**Problem details**
Read through the records below and copy each line that uses the word "April".

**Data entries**
Content starts

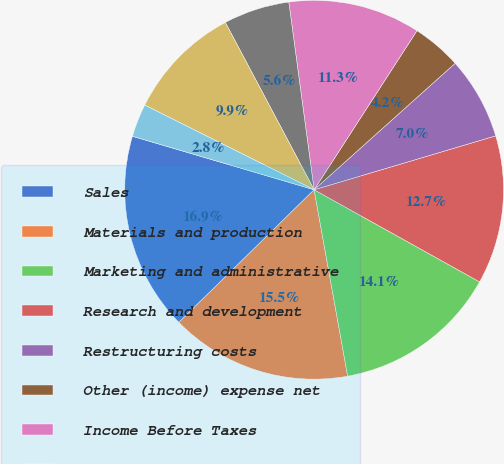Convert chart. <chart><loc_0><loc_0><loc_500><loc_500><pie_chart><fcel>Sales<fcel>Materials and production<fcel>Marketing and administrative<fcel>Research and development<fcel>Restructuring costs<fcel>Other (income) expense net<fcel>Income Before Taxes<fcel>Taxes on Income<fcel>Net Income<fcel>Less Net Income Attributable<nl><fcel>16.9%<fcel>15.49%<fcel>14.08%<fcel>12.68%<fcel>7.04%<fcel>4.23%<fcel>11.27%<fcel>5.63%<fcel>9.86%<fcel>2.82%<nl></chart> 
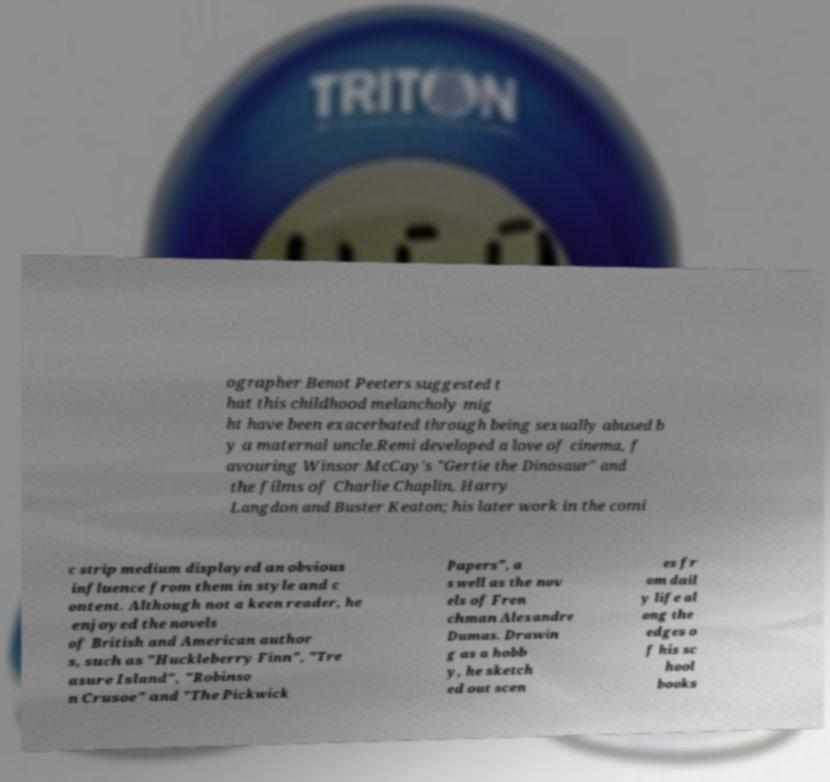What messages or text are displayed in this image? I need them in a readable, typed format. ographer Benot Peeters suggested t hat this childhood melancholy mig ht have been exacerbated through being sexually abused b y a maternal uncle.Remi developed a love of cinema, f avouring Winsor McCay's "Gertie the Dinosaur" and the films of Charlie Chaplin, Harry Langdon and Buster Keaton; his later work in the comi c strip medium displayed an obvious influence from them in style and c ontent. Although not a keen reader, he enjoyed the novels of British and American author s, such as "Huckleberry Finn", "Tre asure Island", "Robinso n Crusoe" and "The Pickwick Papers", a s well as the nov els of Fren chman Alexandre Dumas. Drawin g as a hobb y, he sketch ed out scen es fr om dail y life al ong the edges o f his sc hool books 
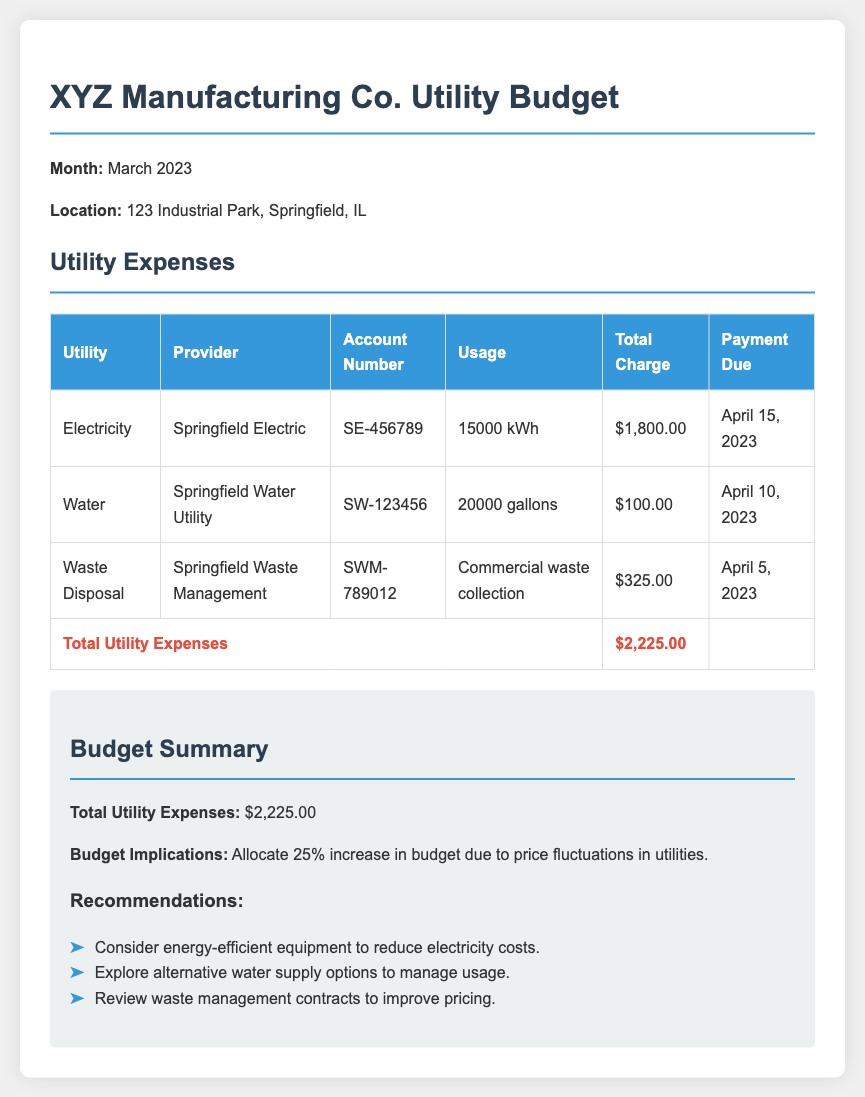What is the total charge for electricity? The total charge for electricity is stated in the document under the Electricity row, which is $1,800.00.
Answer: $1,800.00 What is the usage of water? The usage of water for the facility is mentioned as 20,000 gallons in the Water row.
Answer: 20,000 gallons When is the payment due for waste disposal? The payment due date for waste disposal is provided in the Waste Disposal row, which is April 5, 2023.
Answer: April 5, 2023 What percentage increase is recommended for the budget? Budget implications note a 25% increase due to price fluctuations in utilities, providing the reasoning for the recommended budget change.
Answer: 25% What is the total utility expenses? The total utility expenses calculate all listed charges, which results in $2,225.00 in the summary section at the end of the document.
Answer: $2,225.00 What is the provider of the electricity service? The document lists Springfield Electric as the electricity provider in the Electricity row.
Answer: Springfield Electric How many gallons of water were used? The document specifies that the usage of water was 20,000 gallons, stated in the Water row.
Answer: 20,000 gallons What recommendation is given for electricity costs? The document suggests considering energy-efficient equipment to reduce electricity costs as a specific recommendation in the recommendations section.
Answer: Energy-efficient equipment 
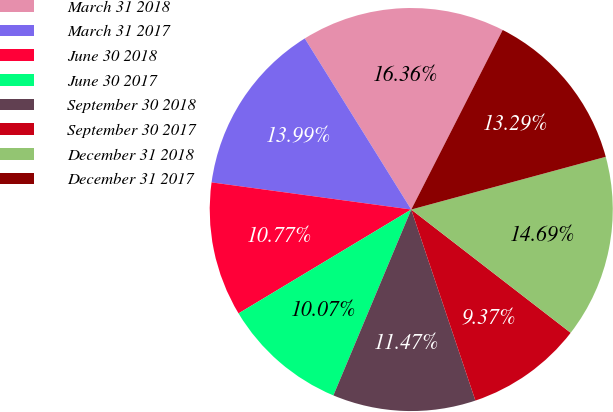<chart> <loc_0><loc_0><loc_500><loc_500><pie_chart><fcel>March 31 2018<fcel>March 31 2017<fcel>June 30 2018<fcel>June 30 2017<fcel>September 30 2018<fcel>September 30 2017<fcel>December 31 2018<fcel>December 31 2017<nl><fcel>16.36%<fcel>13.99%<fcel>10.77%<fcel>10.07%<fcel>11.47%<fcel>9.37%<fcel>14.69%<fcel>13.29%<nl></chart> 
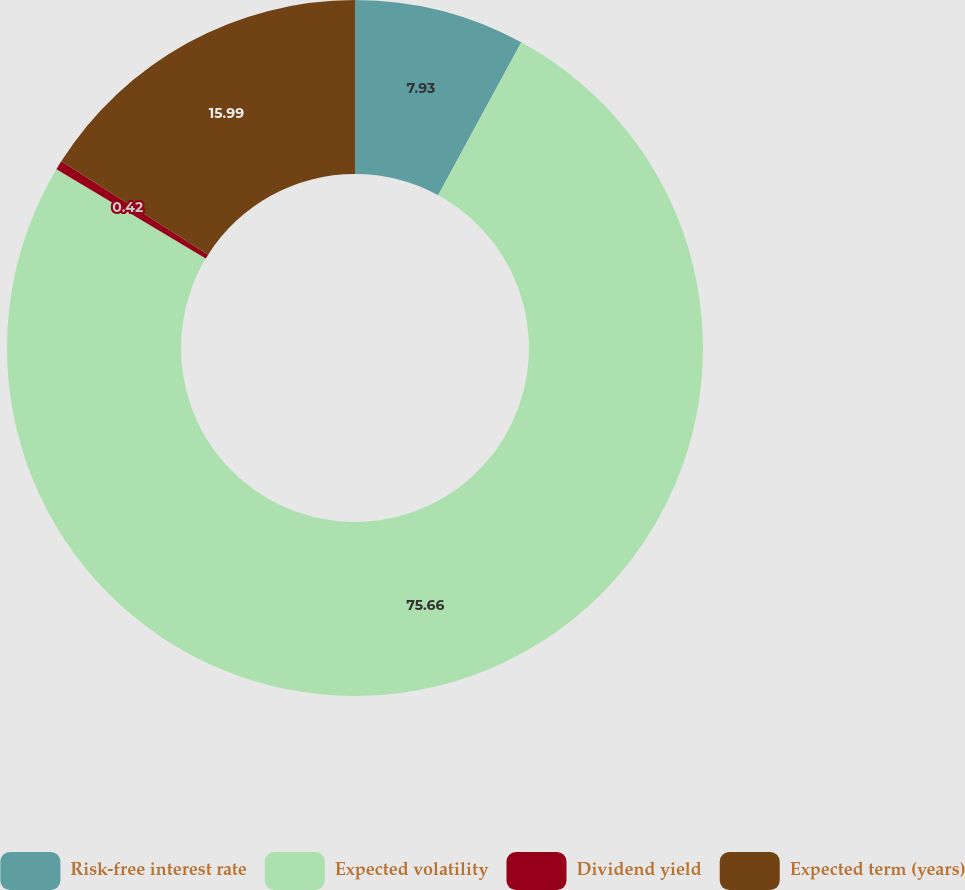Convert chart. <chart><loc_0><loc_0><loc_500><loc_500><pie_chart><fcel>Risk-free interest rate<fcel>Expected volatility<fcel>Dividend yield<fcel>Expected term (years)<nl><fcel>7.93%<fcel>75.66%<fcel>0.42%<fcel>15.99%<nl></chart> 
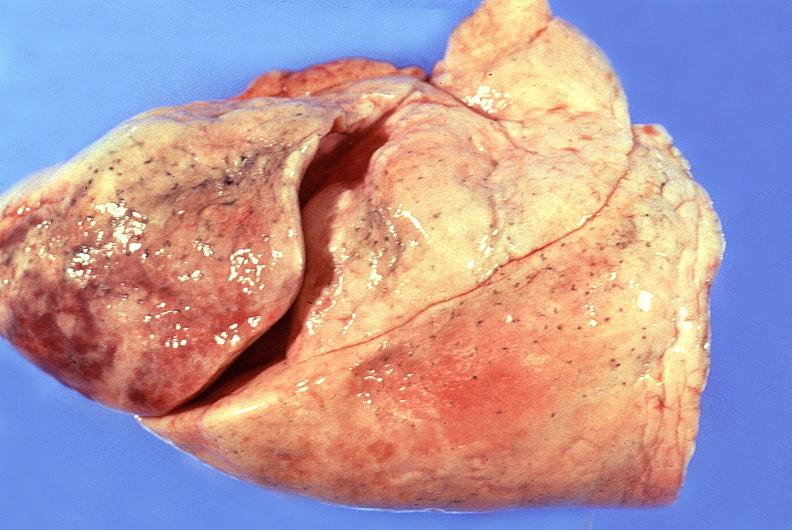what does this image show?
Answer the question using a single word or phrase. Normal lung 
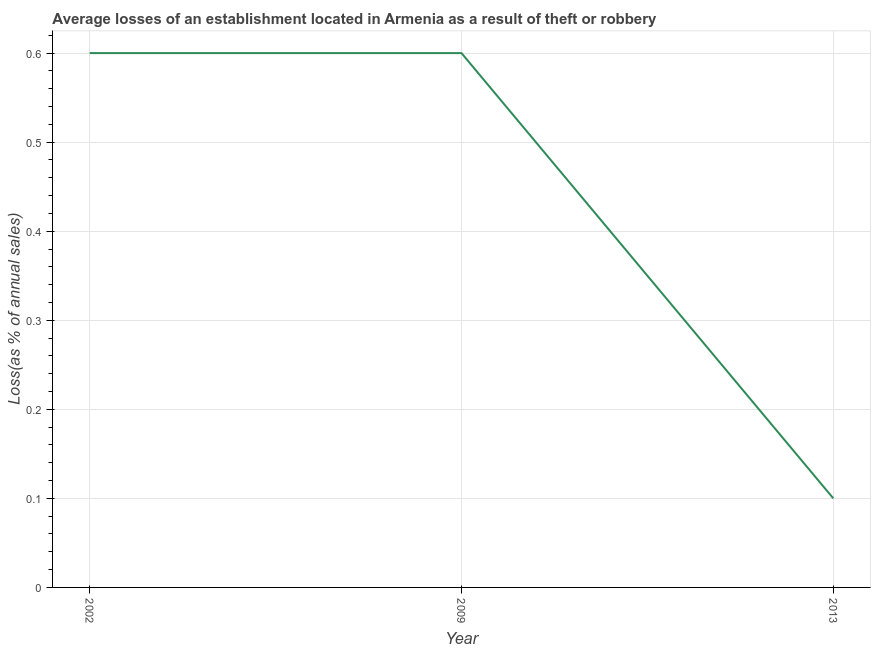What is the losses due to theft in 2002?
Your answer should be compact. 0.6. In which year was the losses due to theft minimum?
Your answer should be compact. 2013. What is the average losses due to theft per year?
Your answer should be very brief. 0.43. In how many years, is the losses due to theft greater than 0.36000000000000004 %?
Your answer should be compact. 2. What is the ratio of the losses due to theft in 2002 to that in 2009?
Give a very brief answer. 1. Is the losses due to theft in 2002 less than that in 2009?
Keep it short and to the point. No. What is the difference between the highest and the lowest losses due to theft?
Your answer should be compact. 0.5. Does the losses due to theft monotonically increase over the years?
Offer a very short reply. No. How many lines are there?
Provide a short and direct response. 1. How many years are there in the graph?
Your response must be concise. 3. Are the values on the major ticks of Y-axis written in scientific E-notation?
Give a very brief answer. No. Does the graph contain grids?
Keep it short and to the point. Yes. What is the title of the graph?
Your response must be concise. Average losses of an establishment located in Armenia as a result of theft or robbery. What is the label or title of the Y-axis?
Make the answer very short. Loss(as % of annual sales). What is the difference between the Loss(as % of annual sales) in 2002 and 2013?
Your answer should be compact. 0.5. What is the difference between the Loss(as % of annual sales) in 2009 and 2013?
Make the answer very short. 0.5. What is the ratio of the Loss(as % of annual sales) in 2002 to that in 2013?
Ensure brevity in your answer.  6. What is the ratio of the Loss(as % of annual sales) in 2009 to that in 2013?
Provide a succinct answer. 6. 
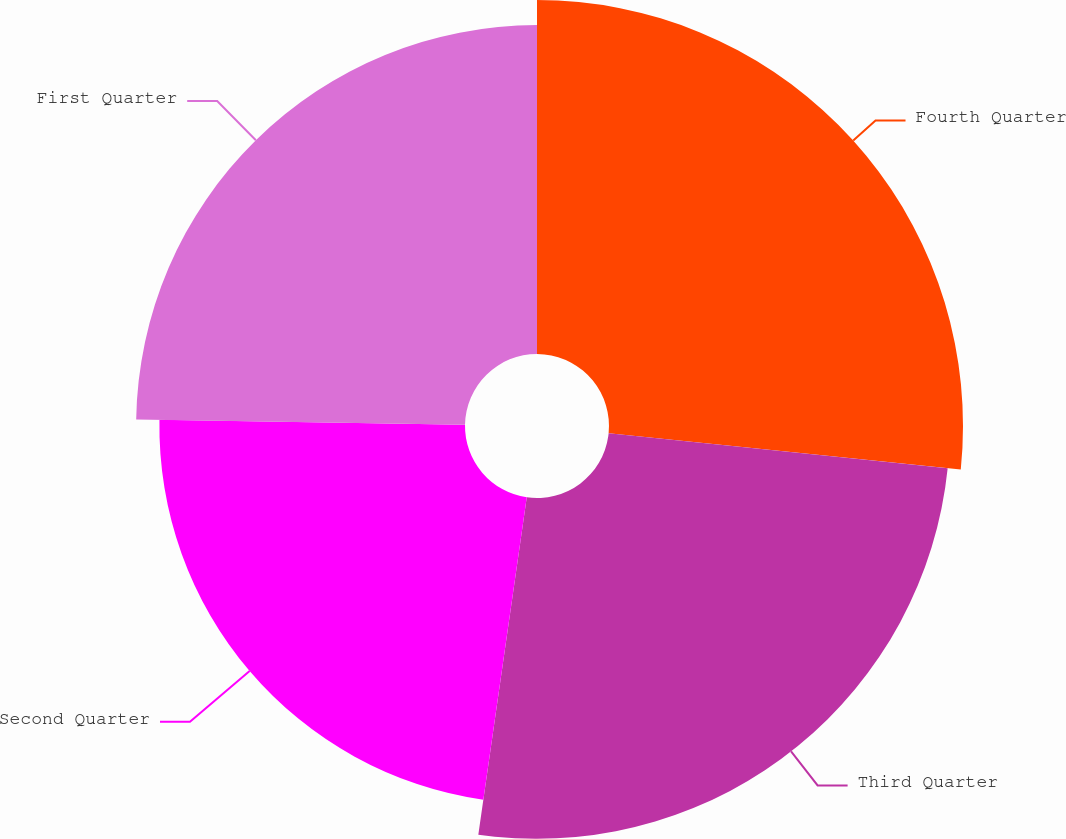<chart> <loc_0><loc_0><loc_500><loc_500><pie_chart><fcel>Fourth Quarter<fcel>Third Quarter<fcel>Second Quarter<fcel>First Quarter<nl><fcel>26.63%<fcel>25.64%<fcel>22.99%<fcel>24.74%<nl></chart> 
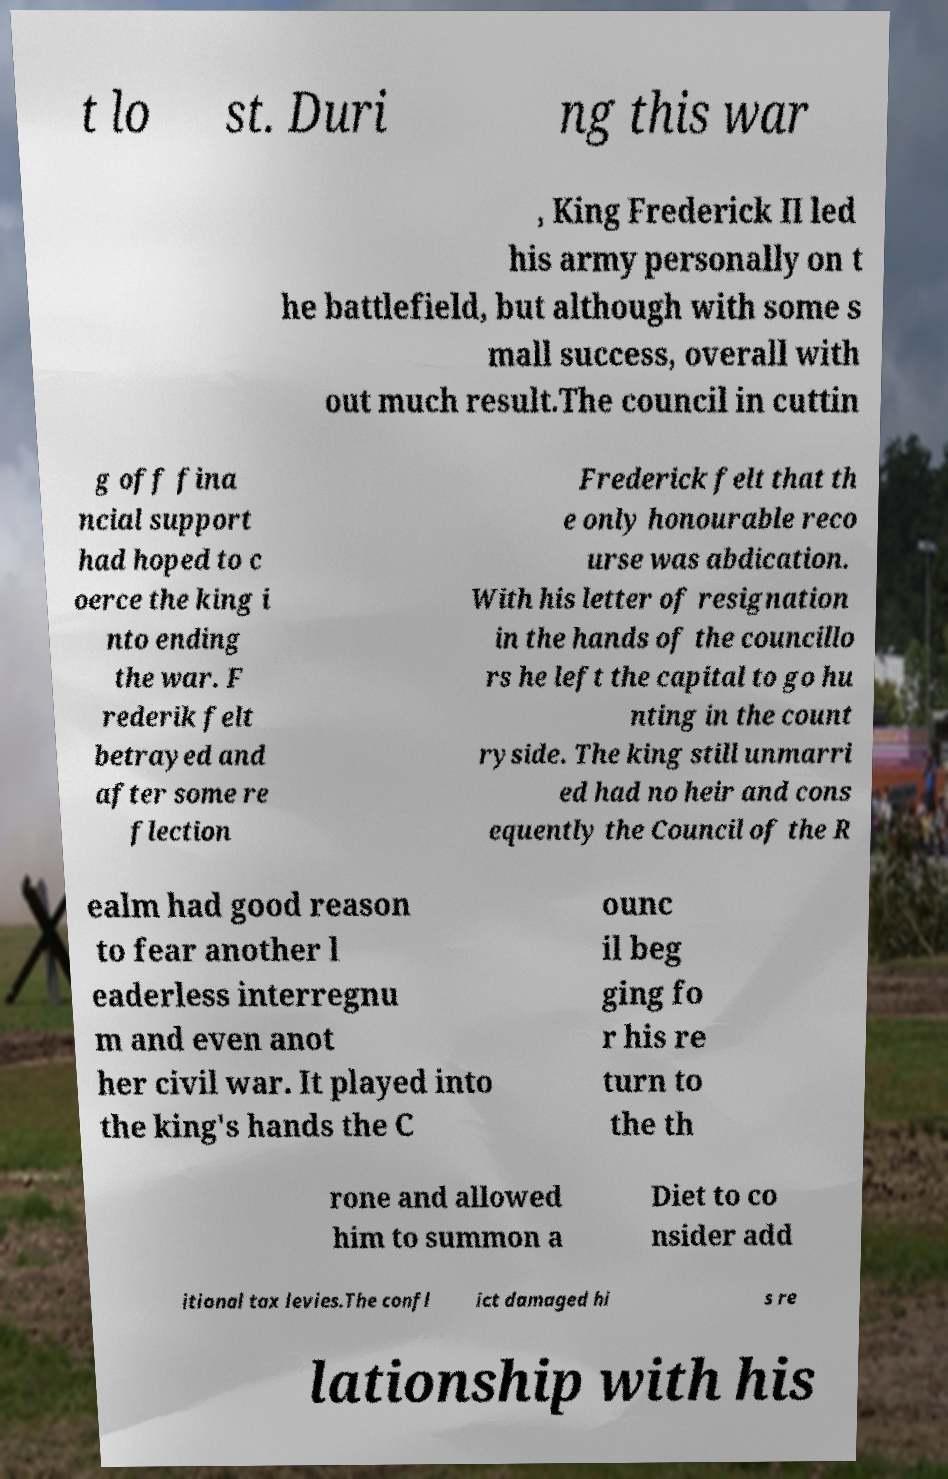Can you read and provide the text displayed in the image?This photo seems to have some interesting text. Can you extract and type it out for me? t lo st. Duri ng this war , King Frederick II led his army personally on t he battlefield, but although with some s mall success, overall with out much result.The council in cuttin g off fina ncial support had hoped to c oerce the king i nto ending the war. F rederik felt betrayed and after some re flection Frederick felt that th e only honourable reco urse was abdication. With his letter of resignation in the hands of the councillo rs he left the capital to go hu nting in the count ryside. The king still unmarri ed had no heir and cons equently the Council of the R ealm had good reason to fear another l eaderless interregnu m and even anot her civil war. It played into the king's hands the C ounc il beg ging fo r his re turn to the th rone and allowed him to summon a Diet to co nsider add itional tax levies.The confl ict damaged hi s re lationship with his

Content ends

**Solved exercise**
Answer: 20,000 gallons When is the payment due for waste disposal? The payment due date for waste disposal is provided in the Waste Disposal row, which is April 5, 2023.
Answer: April 5, 2023 What percentage increase is recommended for the budget? Budget implications note a 25% increase due to price fluctuations in utilities, providing the reasoning for the recommended budget change.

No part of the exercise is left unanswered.